Let us compute N_i,0(u)'s. Note that since m = 9 and p = 0 (degree 0 basis functions), we have n = m - p - 1 = 8. As the table below shows, there are only four non-zero basis functions: N_2,0(u), N_3,0(u), N_5,0(u) and N_6,0(u).

*Basis Function*	*Range*	*Equation*	*Comments*
N_0,0(u)	all u	0	since [u₀, u₁) = [0,0) does not exist
N_1,0(u)	all u	0	since [u₁, u₂) = [0,0) does not exist
N_2,0(u)	[0, 0.3)	1
N_3,0(u)	[0.3, 0.5)	1
N_4,0(u)	all u	0	since [u₄, u₅) = [0.5,0.5) does not exist
N_5,0(u)	[0.5, 0.6)	1
N_6,0(u)	[0.6, 1)	1
N_7,0(u)	all u	0	since [u₇, u₈) = [1,1) does not exist
N_8,0(u)	all u	0	since [u₈, u₉) = [1,1) does not exist

Then, we shall proceed to degree 1 basis functions. Since p is 1, n = m - p - 1 = 7. The following table shows the result:

*Basis Function*	*Range*	*Equation*
N_0,1(u)	all u	0
N_1,1(u)	[0, 0.3)	1 - (10/3)u
N_2,1(u)	[0, 0.3)	(10/3)u
N_2,1(u)	[0.3, 0.5)	2.5(1 - 2u)
N_3,1(u)	[0.3, 0.5)	5u - 1.5
N_4,1(u)	[0.5, 0.6)	6 - 10u
N_5,1(u)	[0.5, 0.6)	10u - 5
N_5,1(u)	[0.6, 1)	2.5(1 - u)
N_6,1(u)	[0.6, 1)	2.5u - 1.5
N_7,1(u)	all u	0

The following figure shows the graphs of these basis functions.

Let us take a look at a particular computation, say N_1,1(u). It is computed with the following expression:

N_1,1(u) = (u - u₁) / (u₂ - u₁) N_1,0(u) + (u₃ - u) / (u₃ - u₂) N_2,0(u)

Plugging u₁ = u₂ = 0 and u₃ = 0.3 into this equation yields the following:

N_1,1(u) = (u/0) N_1,0(u) + (1 - (10/3)u) N_2,0(u)

Since N_1,0(u) is zero everywhere, the first term becomes 0/0 and is defined to be zero. Therefore, only the second term has impact on the result. Since N_2,0(u) is 1 on [0,0.3), N_1,1(u) is 1 - (10/3)u on [0,0.3).
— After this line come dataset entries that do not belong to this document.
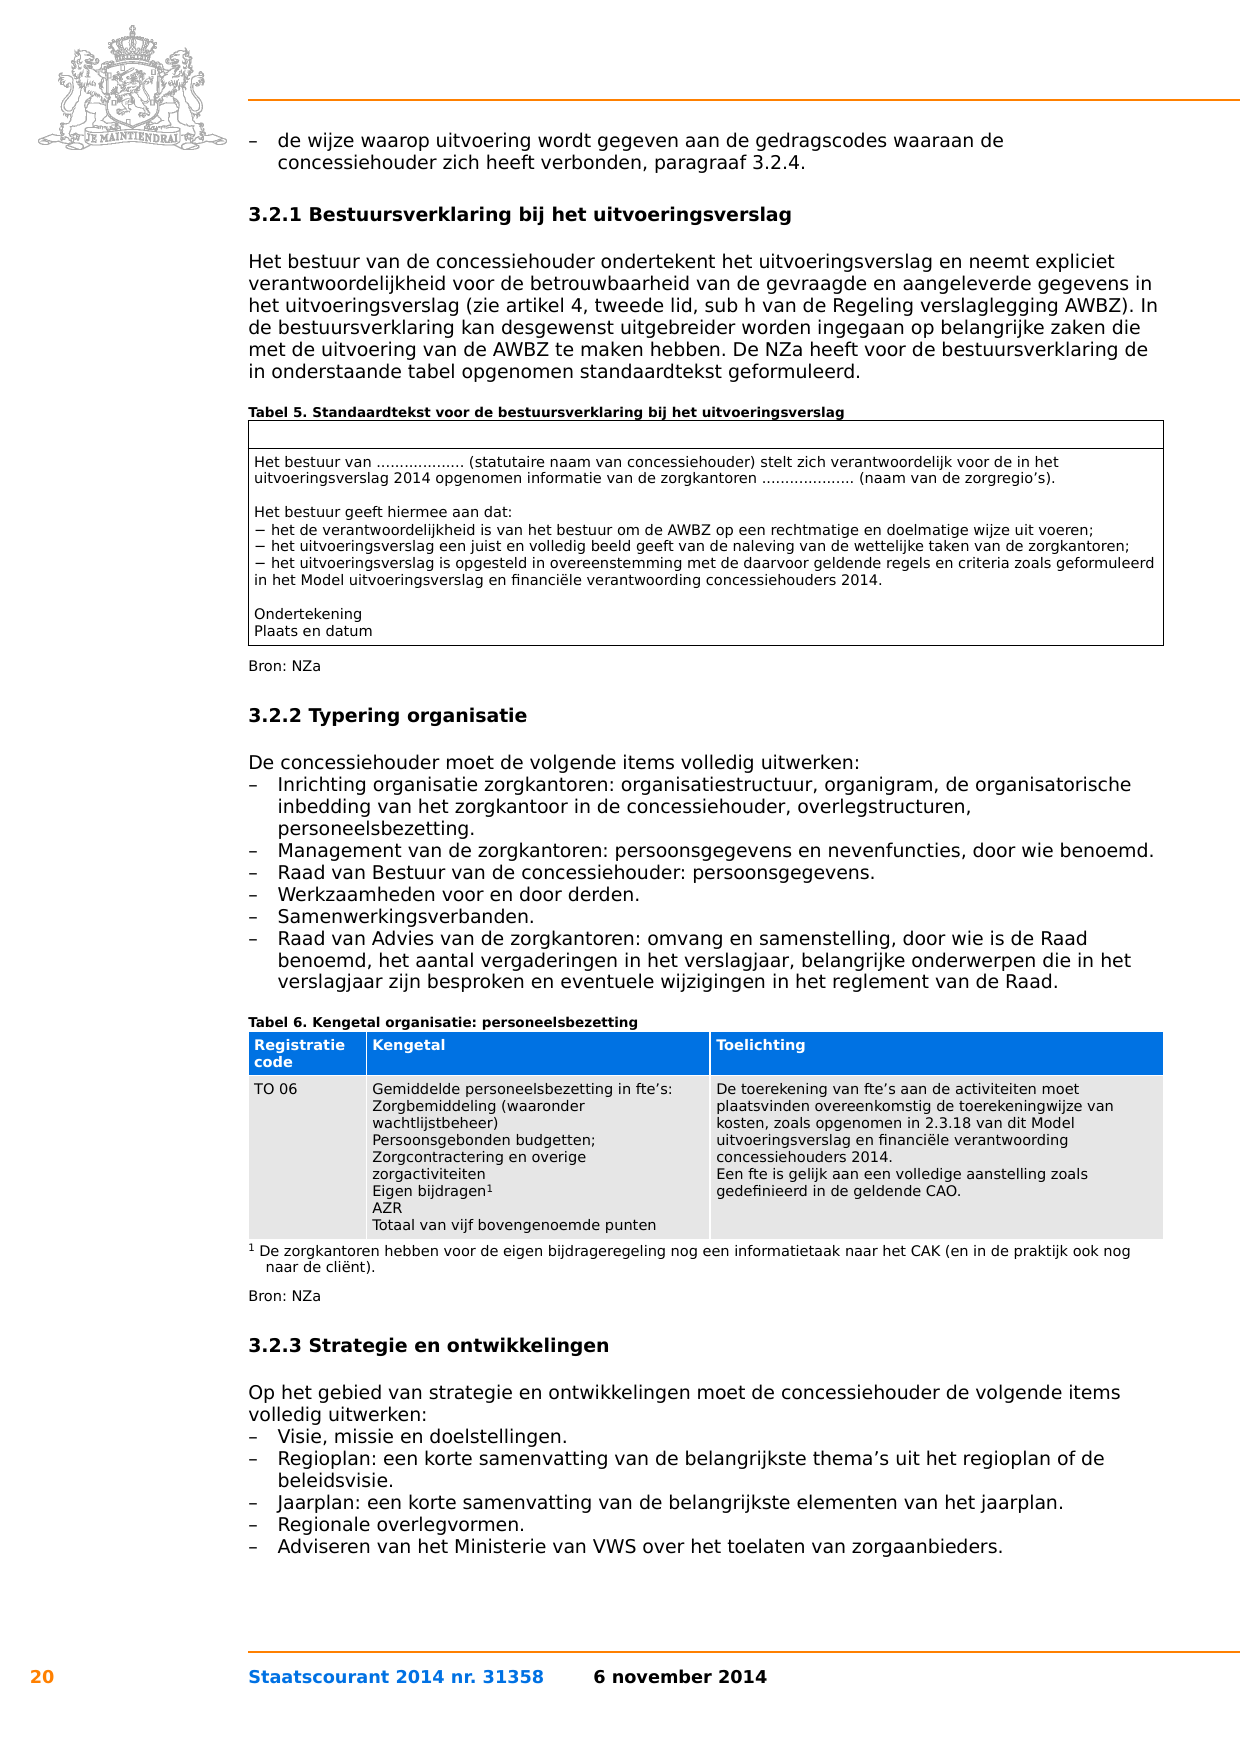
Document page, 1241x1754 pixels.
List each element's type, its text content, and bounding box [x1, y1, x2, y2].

table_header Tabel 5. Standaardtekst voor de bestuursverklaring bij het uitvoeringsverslag [248, 405, 1163, 420]
text – Raad van Bestuur van de concessiehouder: persoonsgegevens. [248, 862, 1163, 883]
table_cell Het bestuur van ................... (statutaire naam van concessiehouder) stelt zich verantwoordelijk voor de in het uitvoeringsverslag 2014 opgenomen informatie van de zorgkantoren .................... (naam van de zorgregio’s). [249, 449, 1163, 487]
table_cell Gemiddelde personeelsbezetting in fte’s: Zorgbemiddeling (waaronder wachtlijstbeheer) Persoonsgebonden budgetten; Zorgcontractering en overige zorgactiviteiten Eigen bijdragen1 AZR Totaal van vijf bovengenoemde punten [367, 1076, 709, 1239]
table_cell Registratie code [249, 1032, 366, 1075]
table_header Tabel 6. Kengetal organisatie: personeelsbezetting [248, 1015, 1163, 1031]
text Het bestuur van de concessiehouder ondertekent het uitvoeringsverslag en neemt expliciet verantwoordelijkheid voor de betrouwbaarheid van de gevraagde en aangeleverde gegevens in het uitvoeringsverslag (zie artikel 4, tweede lid, sub h van de Regeling verslaglegging AWBZ). In de bestuursverklaring kan desgewenst uitgebreider worden ingegaan op belangrijke zaken die met de uitvoering van de AWBZ te maken hebben. De NZa heeft voor de bestuursverklaring de in onderstaande tabel opgenomen standaardtekst geformuleerd. [248, 251, 1163, 383]
text – Visie, missie en doelstellingen. [248, 1426, 1163, 1448]
table_cell Toelichting [711, 1032, 1163, 1075]
text – de wijze waarop uitvoering wordt gegeven aan de gedragscodes waaraan de concessiehouder zich heeft verbonden, paragraaf 3.2.4. [248, 130, 1163, 174]
subtitle 3.2.2 Typering organisatie [248, 705, 1163, 727]
text Op het gebied van strategie en ontwikkelingen moet de concessiehouder de volgende items volledig uitwerken: [248, 1382, 1163, 1426]
subtitle 3.2.3 Strategie en ontwikkelingen [248, 1335, 1163, 1357]
table_cell [249, 589, 1163, 606]
text – Management van de zorgkantoren: persoonsgegevens en nevenfuncties, door wie benoemd. [248, 839, 1163, 862]
table_cell [249, 421, 1163, 448]
picture [38, 25, 227, 150]
table_cell Kengetal [367, 1032, 709, 1075]
text – Werkzaamheden voor en door derden. [248, 883, 1163, 906]
text – Adviseren van het Ministerie van VWS over het toelaten van zorgaanbieders. [248, 1536, 1163, 1558]
text – Samenwerkingsverbanden. [248, 906, 1163, 927]
table_cell TO 06 [249, 1076, 366, 1239]
table_cell Ondertekening Plaats en datum [249, 606, 1163, 645]
table_cell 1 De zorgkantoren hebben voor de eigen bijdrageregeling nog een informatietaak naar het CAK (en in de praktijk ook nog naar de cliënt). Bron: NZa [248, 1240, 1163, 1305]
text – Raad van Advies van de zorgkantoren: omvang en samenstelling, door wie is de Raad benoemd, het aantal vergaderingen in het verslagjaar, belangrijke onderwerpen die in het verslagjaar zijn besproken en eventuele wijzigingen in het reglement van de Raad. [248, 927, 1163, 993]
text – Regioplan: een korte samenvatting van de belangrijkste thema’s uit het regioplan of de beleidsvisie. [248, 1448, 1163, 1492]
table_cell [249, 488, 1163, 504]
text – Regionale overlegvormen. [248, 1514, 1163, 1536]
text – Jaarplan: een korte samenvatting van de belangrijkste elementen van het jaarplan. [248, 1492, 1163, 1514]
text De concessiehouder moet de volgende items volledig uitwerken: [248, 752, 1163, 774]
table_cell De toerekening van fte’s aan de activiteiten moet plaatsvinden overeenkomstig de toerekeningwijze van kosten, zoals opgenomen in 2.3.18 van dit Model uitvoeringsverslag en financiële verantwoording concessiehouders 2014. Een fte is gelijk aan een volledige aanstelling zoals gedefinieerd in de geldende CAO. [711, 1076, 1163, 1239]
table_cell Het bestuur geeft hiermee aan dat: − het de verantwoordelijkheid is van het bestuur om de AWBZ op een rechtmatige en doelmatige wijze uit voeren; − het uitvoeringsverslag een juist en volledig beeld geeft van de naleving van de wettelijke taken van de zorgkantoren; − het uitvoeringsverslag is opgesteld in overeenstemming met de daarvoor geldende regels en criteria zoals geformuleerd in het Model uitvoeringsverslag en financiële verantwoording concessiehouders 2014. [249, 504, 1163, 589]
table_cell Bron: NZa [248, 646, 1163, 675]
text – Inrichting organisatie zorgkantoren: organisatiestructuur, organigram, de organisatorische inbedding van het zorgkantoor in de concessiehouder, overlegstructuren, personeelsbezetting. [248, 774, 1163, 839]
subtitle 3.2.1 Bestuursverklaring bij het uitvoeringsverslag [248, 204, 1163, 226]

Next, let us compute all N_i,2(u)'s. Since p = 2, we have n = m - p - 1 = 6. The following table contains all N_i,2(u)'s:

*Basis Function*	*Range*	*Equation*
N_0,2(u)	[0, 0.3)	(1 - (10/3)u)²
N_1,2(u)	[0, 0.3)	(20/3)(u - (8/3)u²)
N_1,2(u)	[0.3, 0.5)	2.5(1 - 2u)²
N_2,2(u)	[0, 0.3)	(20/3)u²
N_2,2(u)	[0.3, 0.5)	-3.75 + 25u - 35u²
N_3,2(u)	[0.3, 0.5)	(5u - 1.5)²
N_3,2(u)	[0.5, 0.6)	(6 - 10u)²
N_4,2(u)	[0.5, 0.6)	20(-2 + 7u - 6u²)
N_4,2(u)	[0.6, 1)	5(1 - u)²
N_5,2(u)	[0.5, 0.6)	12.5(2u - 1)²
N_5,2(u)	[0.6, 1)	2.5(-4 + 11.5u - 7.5u²)
N_6,2(u)	[0.6, 1)	2.5(9 - 30u + 25u²)

The following figure shows all basis functions of degree 2.

Let us pick a typical computation as an example, say N_3,2(u). The expression for computing it is

N_3,2(u) = (u - u₃) / (u₅ - u₃) N_3,1(u) + (u₆ - u) / (u₆ - u₄) N_4,1(u)
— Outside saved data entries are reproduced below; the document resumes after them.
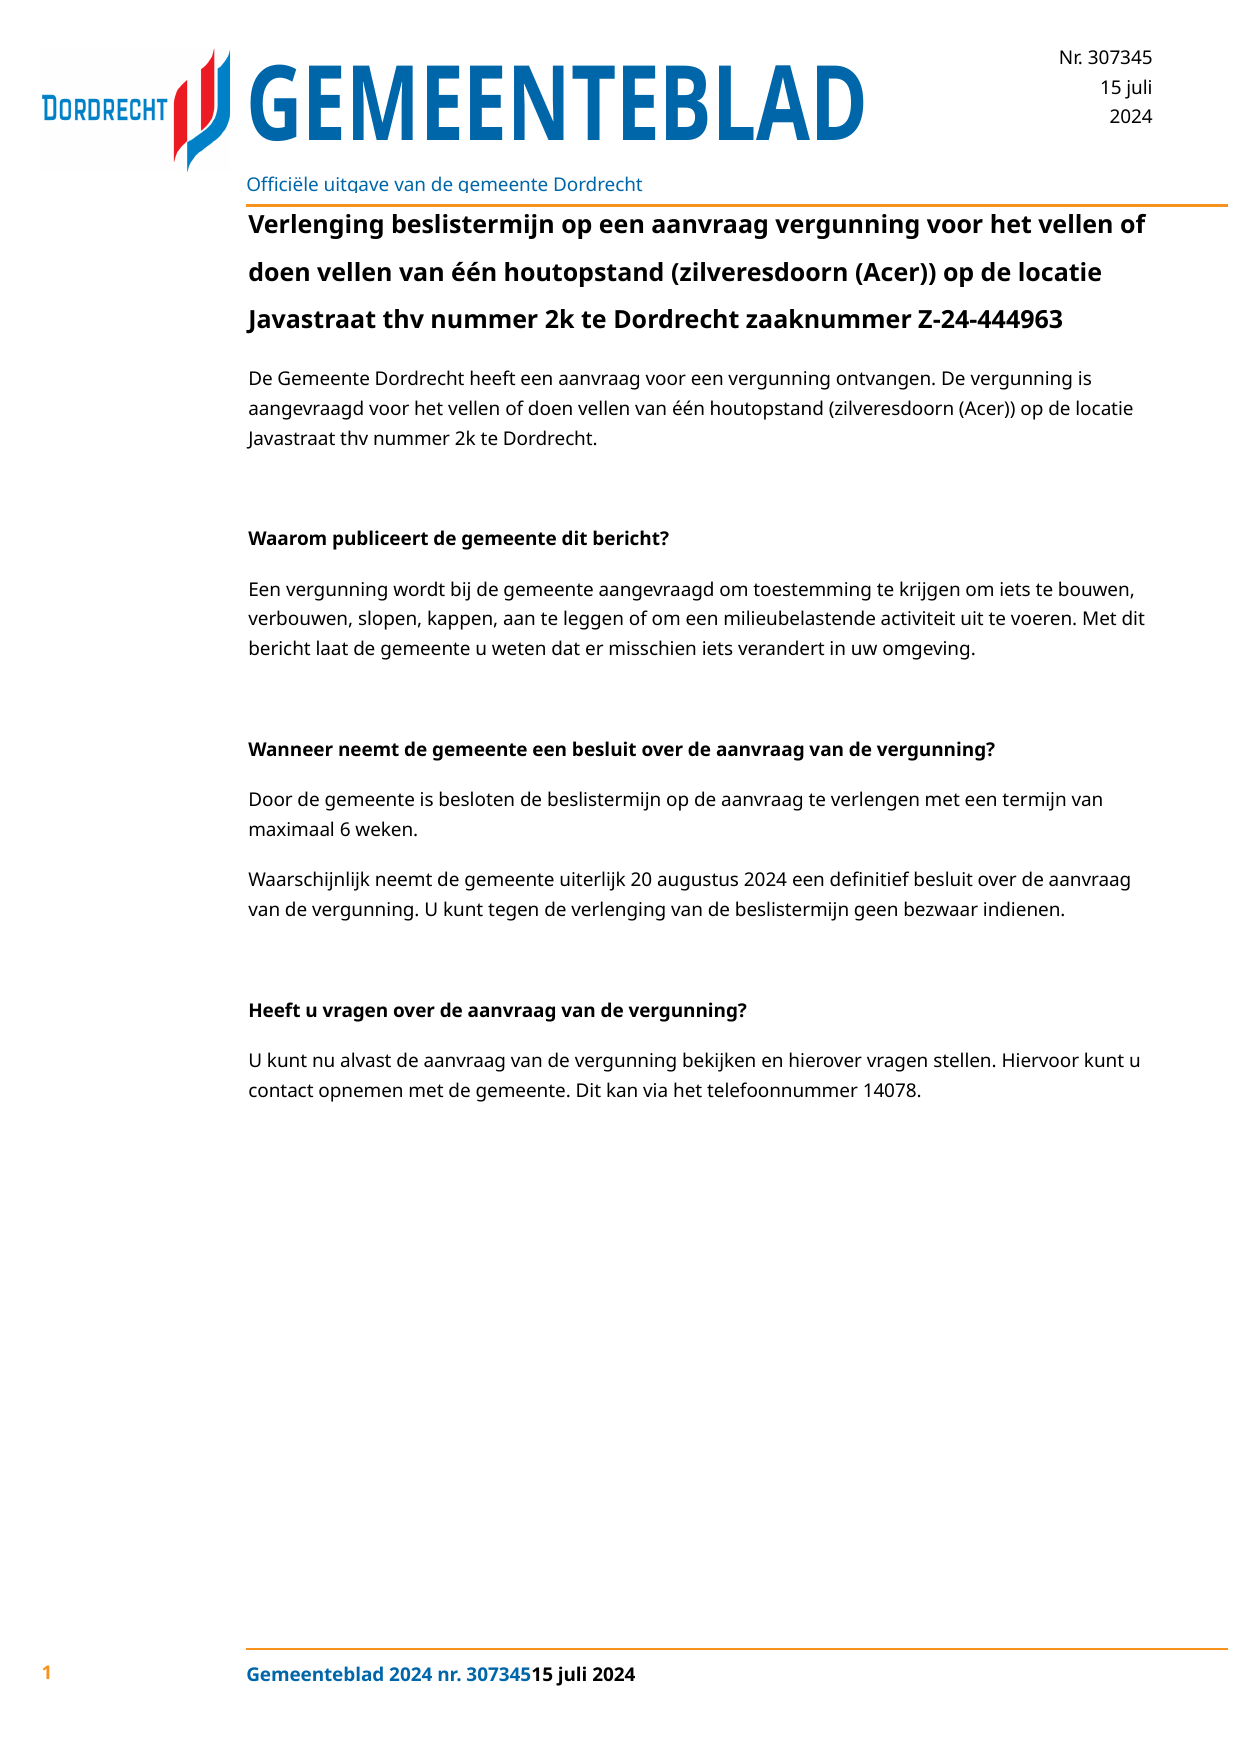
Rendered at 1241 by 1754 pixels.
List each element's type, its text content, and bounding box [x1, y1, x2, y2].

text Waarschijnlijk neemt de gemeente uiterlijk 20 augustus 2024 een definitief besluit over de aanvraag van de vergunning. U kunt tegen de verlenging van de beslistermijn geen bezwaar indienen. [248, 866, 1152, 922]
text Een vergunning wordt bij de gemeente aangevraagd om toestemming te krijgen om iets te bouwen, verbouwen, slopen, kappen, aan te leggen of om een milieubelastende activiteit uit te voeren. Met dit bericht laat de gemeente u weten dat er misschien iets verandert in uw omgeving. [248, 576, 1152, 661]
text U kunt nu alvast de aanvraag van de vergunning bekijken en hierover vragen stellen. Hiervoor kunt u contact opnemen met de gemeente. Dit kan via het telefoonnummer 14078. [248, 1047, 1152, 1102]
text Verlenging beslistermijn op een aanvraag vergunning voor het vellen of doen vellen van één houtopstand (zilveresdoorn (Acer)) op de locatie Javastraat thv nummer 2k te Dordrecht zaaknummer Z-24-444963 [248, 207, 1152, 336]
text De Gemeente Dordrecht heeft een aanvraag voor een vergunning ontvangen. De vergunning is aangevraagd voor het vellen of doen vellen van één houtopstand (zilveresdoorn (Acer)) op de locatie Javastraat thv nummer 2k te Dordrecht. [248, 366, 1152, 450]
text Door de gemeente is besloten de beslistermijn op de aanvraag te verlengen met een termijn van maximaal 6 weken. [248, 786, 1152, 842]
text Heeft u vragen over de aanvraag van de vergunning? [248, 997, 1152, 1022]
text Wanneer neemt de gemeente een besluit over de aanvraag van de vergunning? [248, 736, 1152, 762]
picture [41, 47, 231, 172]
text Waarom publiceert de gemeente dit bericht? [248, 526, 1152, 551]

Plugging in u₃ = 0.3, u₄ = u₅ = 0.5 and u₆ = 0.6 yields

N_3,2(u) = (5u - 1.5) N_3,1(u) + (6 - 10u) N_4,1(u)

Since N_3,1(u) is non-zero on [0.3, 0.5) and is equal to 5u - 1.5, the first term, (5u - 1.5)², is the non-zero part of N_3,2(u) on [0.3, 0.5). Since N_4,1(u) is non-zero on [0.5, 0.6) and is equal to 6 - 10u, the second term, (6 - 10u)², is the non-zero part of N_3,2(u) on [0.5, 0.6).
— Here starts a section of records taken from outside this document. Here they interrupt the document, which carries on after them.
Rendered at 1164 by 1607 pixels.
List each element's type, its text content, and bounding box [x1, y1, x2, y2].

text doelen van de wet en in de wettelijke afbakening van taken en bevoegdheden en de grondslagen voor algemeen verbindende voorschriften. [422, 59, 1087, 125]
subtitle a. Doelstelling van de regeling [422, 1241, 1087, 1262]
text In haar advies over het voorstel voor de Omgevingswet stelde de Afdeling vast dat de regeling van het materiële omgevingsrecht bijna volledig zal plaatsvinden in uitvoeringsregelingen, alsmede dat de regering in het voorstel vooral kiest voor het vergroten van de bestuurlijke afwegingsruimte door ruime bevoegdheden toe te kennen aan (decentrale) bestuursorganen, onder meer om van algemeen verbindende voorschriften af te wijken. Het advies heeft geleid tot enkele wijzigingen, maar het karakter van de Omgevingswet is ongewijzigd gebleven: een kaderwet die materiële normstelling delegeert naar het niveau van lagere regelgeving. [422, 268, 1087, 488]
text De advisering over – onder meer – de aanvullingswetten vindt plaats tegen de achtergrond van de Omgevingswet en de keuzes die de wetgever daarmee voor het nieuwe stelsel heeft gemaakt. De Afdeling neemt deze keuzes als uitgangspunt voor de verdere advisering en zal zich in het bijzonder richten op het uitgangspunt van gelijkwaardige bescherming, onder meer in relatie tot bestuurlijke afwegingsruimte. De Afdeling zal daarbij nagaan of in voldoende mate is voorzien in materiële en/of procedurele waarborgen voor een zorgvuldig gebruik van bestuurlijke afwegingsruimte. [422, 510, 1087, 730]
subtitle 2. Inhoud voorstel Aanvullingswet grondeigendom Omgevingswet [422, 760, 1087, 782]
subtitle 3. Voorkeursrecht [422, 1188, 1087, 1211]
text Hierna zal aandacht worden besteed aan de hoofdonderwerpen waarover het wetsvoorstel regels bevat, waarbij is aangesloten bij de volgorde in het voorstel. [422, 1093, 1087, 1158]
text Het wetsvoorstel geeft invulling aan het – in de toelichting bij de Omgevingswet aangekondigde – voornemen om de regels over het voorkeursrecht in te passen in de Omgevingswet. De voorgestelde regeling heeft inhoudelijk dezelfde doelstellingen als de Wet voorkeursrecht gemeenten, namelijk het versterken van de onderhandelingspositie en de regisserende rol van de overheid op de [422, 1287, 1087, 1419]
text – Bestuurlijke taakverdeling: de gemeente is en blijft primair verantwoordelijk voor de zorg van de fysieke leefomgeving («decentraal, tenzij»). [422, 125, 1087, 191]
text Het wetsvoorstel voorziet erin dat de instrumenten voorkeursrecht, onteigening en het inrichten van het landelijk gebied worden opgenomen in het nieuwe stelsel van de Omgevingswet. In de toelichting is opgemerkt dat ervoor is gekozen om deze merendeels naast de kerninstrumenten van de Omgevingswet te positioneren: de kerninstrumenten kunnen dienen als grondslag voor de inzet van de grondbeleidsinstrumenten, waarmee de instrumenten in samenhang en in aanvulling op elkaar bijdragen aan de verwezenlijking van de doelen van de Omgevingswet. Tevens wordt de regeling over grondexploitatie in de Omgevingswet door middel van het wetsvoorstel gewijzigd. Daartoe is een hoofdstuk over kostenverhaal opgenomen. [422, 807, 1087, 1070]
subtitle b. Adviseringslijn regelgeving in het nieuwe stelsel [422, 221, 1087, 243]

Let us investigate the continuity issues at knot 0.5(2). Since its multiplicity is 2 and the degree of these basis functions is 2, basis function N_3,2(u) is C⁰ continuous at 0.5(2). This is why N_3,2(u) has a sharp angle at 0.5(2). For knots not at the two ends, say 0.3, C¹ continuity is maintained since all of them are simple.